External resources are not uniqued within the MLIR context, are not
attached directly to any operation, and are solely intended to live and be
processed outside of the immediate IR. There are many potential uses of this
functionality, for example MLIR's pass crash reproducer could utilize this to
attach the pass resource executing when a crash occurs. Other types of
uses may be embedding large amounts of binary data, such as weights in ML
applications, that shouldn't be copied directly into the MLIR context, but
need to be kept adjacent to the IR.

External resources are encoded using a key-value pair nested within a
dictionary anchored by name either on a dialect, or an externally registered
entity. The key is an identifier used to disambiguate the data. The value
may be stored in various limited forms, but general encodings use a string
(human readable) or blob format (binary). Within the textual format, an
example may be of the form:

mlir
{-#
  // The `dialect_resources` section within the file-level metadata
  // dictionary is used to contain any dialect resource entries.
  dialect_resources: {
    // Here is a dictionary anchored on "foo_dialect", which is a dialect
    // namespace.
    foo_dialect: {
      // `some_dialect_resource` is a key to be interpreted by the dialect,
      // and used to initialize/configure/etc.
      some_dialect_resource: "Some important resource value"
    }
  },
  // The `external_resources` section within the file-level metadata
  // dictionary is used to contain any non-dialect resource entries.
  external_resources: {
    // Here is a dictionary anchored on "mlir_reproducer", which is an
    // external entity representing MLIR's crash reproducer functionality.
    mlir_reproducer: {
      // `pipeline` is an entry that holds a crash reproducer pipeline
      // resource.
      pipeline: "func.func(canonicalize,cse)"
    }
  }

Diff Detail

Event Timeline

rriddle created this revision.May 25 2022, 9:32 PM
Herald added projects: Restricted Project, Restricted Project. · View Herald TranscriptMay 25 2022, 9:32 PM
rriddle requested review of this revision.May 25 2022, 9:32 PM
rriddle planned changes to this revision.May 25 2022, 9:36 PM

What about using directly YAML for this section?

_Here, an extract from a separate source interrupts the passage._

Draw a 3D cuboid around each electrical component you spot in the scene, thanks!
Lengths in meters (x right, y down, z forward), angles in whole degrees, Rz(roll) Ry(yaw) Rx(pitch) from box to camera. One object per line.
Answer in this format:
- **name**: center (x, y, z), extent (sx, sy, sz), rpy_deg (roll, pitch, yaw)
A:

Doing it ourselves would keep MLIR light. And the external config API would just be built on top of YAML.

Mogball added inline comments.May 26 2022, 10:35 AM
mlir/include/mlir/IR/AsmState.h
57

Just curious, but what else could be stored here other than "external config"?

69

Is there any guarantee that dialect names won't collide with any random config key?

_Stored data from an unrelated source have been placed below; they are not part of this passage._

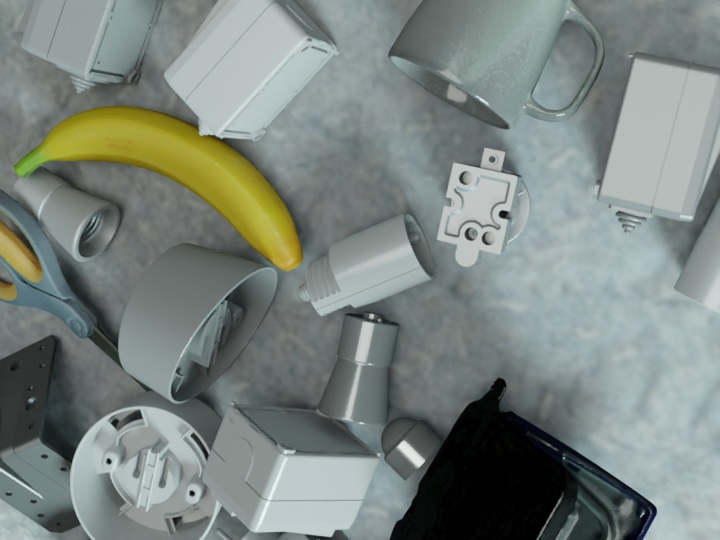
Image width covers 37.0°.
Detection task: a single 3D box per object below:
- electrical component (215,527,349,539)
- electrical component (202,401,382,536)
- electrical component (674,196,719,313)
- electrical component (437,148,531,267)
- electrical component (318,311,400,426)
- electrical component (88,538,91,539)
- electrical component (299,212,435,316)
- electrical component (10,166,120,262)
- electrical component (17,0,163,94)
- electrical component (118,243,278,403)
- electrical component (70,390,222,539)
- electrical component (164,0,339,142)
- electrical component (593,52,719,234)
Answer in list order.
[{"bbox_3d":[-0.058,0.184,0.686,0.079,0.043,0.077,39,104,10],"label":"electrical component"},{"bbox_3d":[-0.038,0.123,0.652,0.062,0.096,0.061,33,105,44],"label":"electrical component"},{"bbox_3d":[0.225,-0.007,0.586,0.079,0.043,0.077,26,101,12],"label":"electrical component"},{"bbox_3d":[0.073,-0.036,0.622,0.048,0.055,0.066,14,99,15],"label":"electrical component"},{"bbox_3d":[0.002,0.058,0.660,0.044,0.044,0.065,12,93,15],"label":"electrical component"},{"bbox_3d":[-0.175,0.200,0.722,0.043,0.043,0.062,40,103,10],"label":"electrical component"},{"bbox_3d":[0.000,0.000,0.653,0.081,0.043,0.043,-23,88,17],"label":"electrical component"},{"bbox_3d":[-0.197,-0.040,0.710,0.065,0.044,0.044,31,103,16],"label":"electrical component"},{"bbox_3d":[-0.170,-0.160,0.679,0.061,0.062,0.096,25,101,13],"label":"electrical component"},{"bbox_3d":[-0.099,0.033,0.658,0.064,0.099,0.099,22,101,20],"label":"electrical component"},{"bbox_3d":[-0.130,0.129,0.688,0.099,0.064,0.099,5,109,14],"label":"electrical component"},{"bbox_3d":[-0.072,-0.123,0.654,0.096,0.062,0.061,-45,82,15],"label":"electrical component"},{"bbox_3d":[0.168,-0.064,0.588,0.061,0.062,0.096,15,99,15],"label":"electrical component"}]
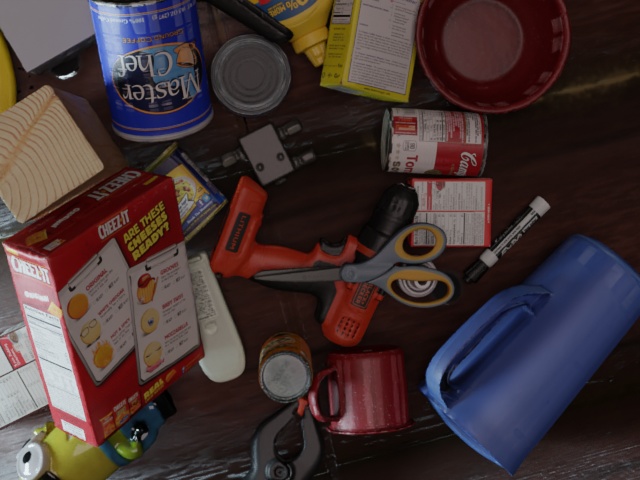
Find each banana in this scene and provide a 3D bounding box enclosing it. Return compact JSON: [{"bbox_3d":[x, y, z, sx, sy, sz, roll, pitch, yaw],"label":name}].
[{"bbox_3d":[-0.347,-0.192,1.072,0.069,0.037,0.198,-37,117,-28],"label":"banana"}]

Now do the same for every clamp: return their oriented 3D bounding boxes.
[{"bbox_3d":[-0.035,0.254,1.141,0.120,0.039,0.171,27,92,-6],"label":"clamp"},{"bbox_3d":[-0.124,-0.285,1.060,0.210,0.036,0.164,7,108,15],"label":"clamp"}]

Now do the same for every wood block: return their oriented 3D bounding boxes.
[{"bbox_3d":[-0.252,-0.082,1.016,0.091,0.206,0.090,-33,96,-1],"label":"wood block"}]

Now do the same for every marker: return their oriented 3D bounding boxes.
[{"bbox_3d":[0.199,0.002,1.146,0.020,0.020,0.121,44,91,-6],"label":"marker"}]

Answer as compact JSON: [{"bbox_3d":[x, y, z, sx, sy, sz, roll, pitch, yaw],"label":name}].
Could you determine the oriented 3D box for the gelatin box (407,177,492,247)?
[{"bbox_3d":[0.137,-0.030,1.135,0.089,0.030,0.073,0,96,-3],"label":"gelatin box"}]

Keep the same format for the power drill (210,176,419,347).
[{"bbox_3d":[-0.007,0.001,1.103,0.187,0.057,0.184,22,99,-8],"label":"power drill"}]

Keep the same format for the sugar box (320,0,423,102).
[{"bbox_3d":[0.059,-0.235,1.088,0.093,0.048,0.176,8,92,-38],"label":"sugar box"}]

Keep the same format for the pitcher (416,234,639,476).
[{"bbox_3d":[0.219,0.108,1.098,0.145,0.149,0.243,42,87,5],"label":"pitcher"}]

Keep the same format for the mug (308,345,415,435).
[{"bbox_3d":[0.039,0.155,1.109,0.117,0.093,0.081,-5,90,-29],"label":"mug"}]

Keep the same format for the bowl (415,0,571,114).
[{"bbox_3d":[0.175,-0.211,1.110,0.162,0.055,0.162,0,95,-4],"label":"bowl"}]

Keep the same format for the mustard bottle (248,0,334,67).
[{"bbox_3d":[-0.039,-0.267,1.090,0.096,0.058,0.191,-25,96,8],"label":"mustard bottle"}]

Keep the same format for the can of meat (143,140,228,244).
[{"bbox_3d":[-0.157,-0.038,1.101,0.102,0.057,0.084,-43,98,1],"label":"can of meat"}]

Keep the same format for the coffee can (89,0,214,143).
[{"bbox_3d":[-0.164,-0.180,1.042,0.102,0.103,0.140,-7,121,-3],"label":"coffee can"}]

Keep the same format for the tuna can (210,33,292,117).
[{"bbox_3d":[-0.072,-0.171,1.107,0.086,0.034,0.086,0,95,-3],"label":"tuna can"}]

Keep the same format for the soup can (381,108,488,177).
[{"bbox_3d":[0.118,-0.102,1.108,0.102,0.068,0.068,3,94,-4],"label":"soup can"}]

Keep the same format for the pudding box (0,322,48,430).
[{"bbox_3d":[-0.319,0.141,1.114,0.113,0.039,0.090,-26,98,1],"label":"pudding box"}]

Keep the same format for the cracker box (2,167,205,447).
[{"bbox_3d":[-0.199,0.061,1.018,0.072,0.163,0.214,14,126,32],"label":"cracker box"}]

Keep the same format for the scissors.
[{"bbox_3d":[0.042,0.016,1.075,0.201,0.016,0.096,13,95,-5],"label":"scissors"}]

What about using directly YAML for this section?

I considered, but ultimately it felt like more complexity than the benefits it brought (especially for this draft). Having something
just for us felt much simpler and more expressive (we could use Attributes/Types for config values if we wanted). I could likely be
convinced otherwise though, using something like YAML would conceptually make supporting more complex config values
easier (nested structs and stuff) if we wanted to go that approach. There are tradeoffs though (e.g. error reporting, attribute/type values,
still need a generic interface to enable seamless bitcode integration, etc.).

mlir/include/mlir/IR/AsmState.h
57

The idea for the top-level dictionary was to provide a convenient place to put things in the future. For example, this would be a natural place to put the dialect_versions metadata in Mehdi's WIP versioning patch: https://reviews.llvm.org/D117761

69

Non-dialect config keys are always wrapped with <>, so there won't be collision between the two.

rriddle requested review of this revision.May 30 2022, 10:49 PM
rriddle updated this revision to Diff 433016.
rriddle retitled this revision from WIP: [mlir] Allow for attaching external configurations to .mlir files to [mlir] Allow for attaching external configurations to .mlir files.
rriddle edited the summary of this revision. (Show Details)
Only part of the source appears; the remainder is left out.